**DATASET EXCERPTS:**
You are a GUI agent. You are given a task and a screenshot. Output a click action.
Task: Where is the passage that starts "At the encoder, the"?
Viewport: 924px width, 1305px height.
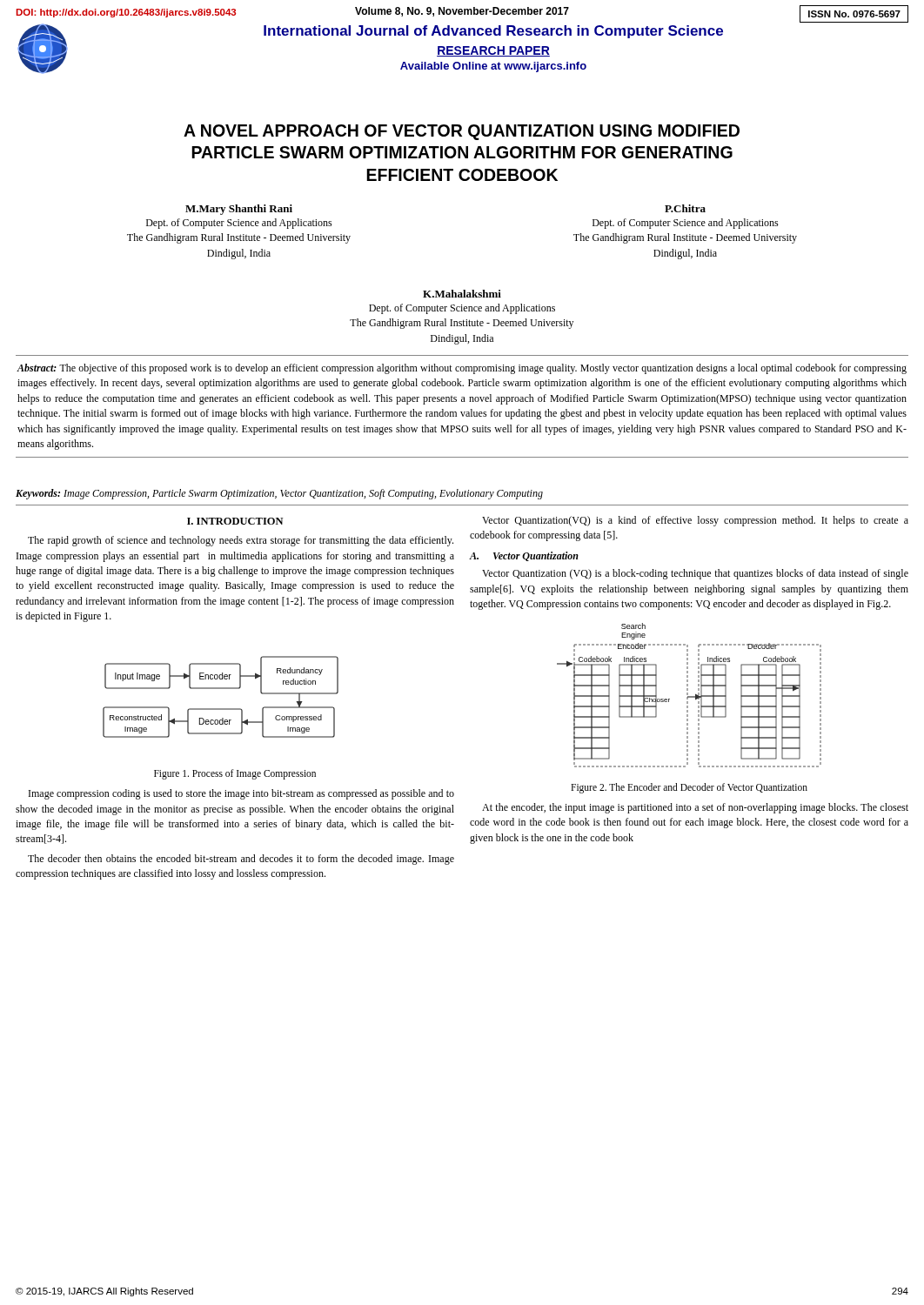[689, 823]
...
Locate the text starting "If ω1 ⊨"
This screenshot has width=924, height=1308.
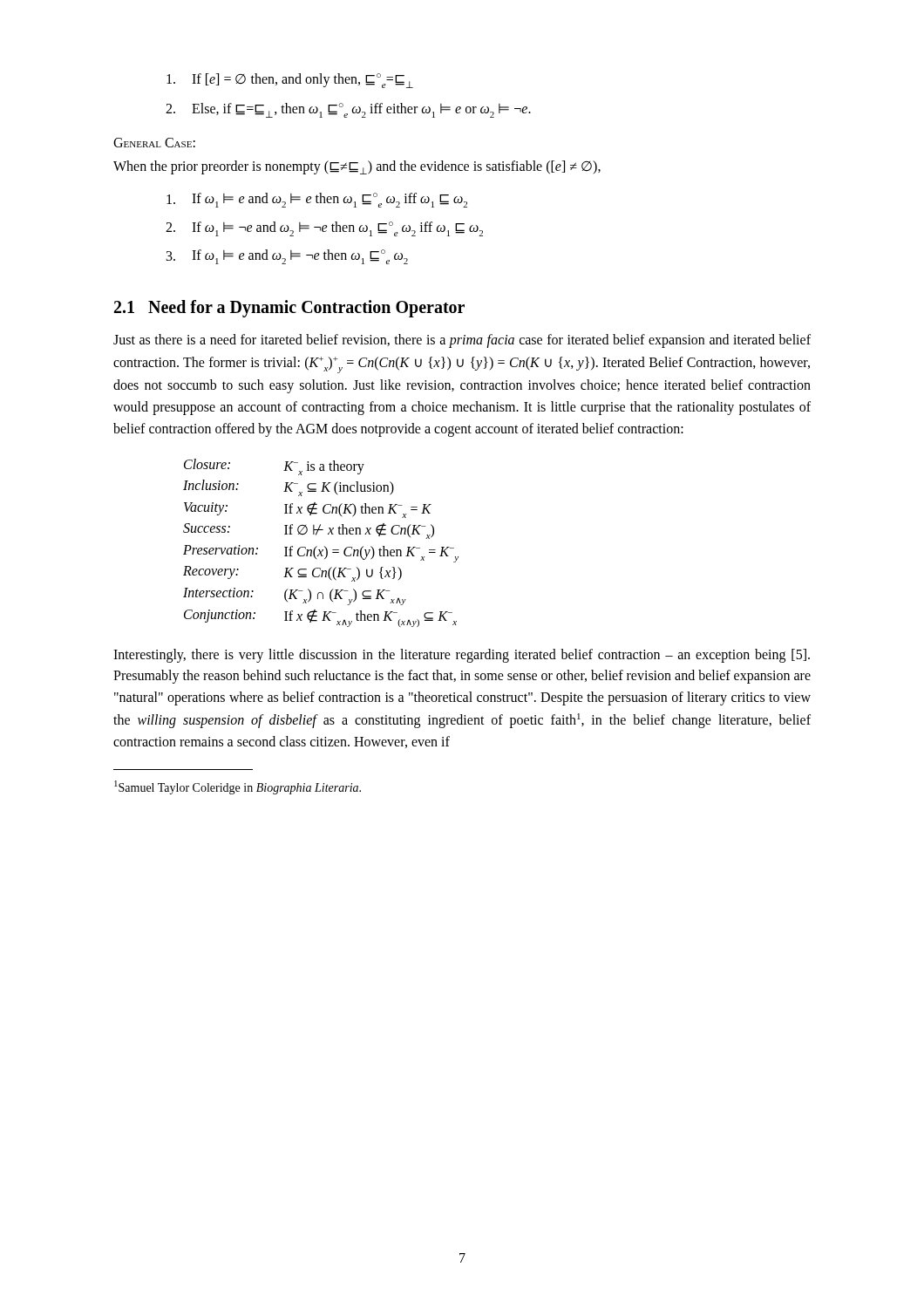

**DIRECTIONS:** The answer should be a single number giving how many lines in the records hold the word "screenshot".

**RESPONSE TO THIS TASK:** 2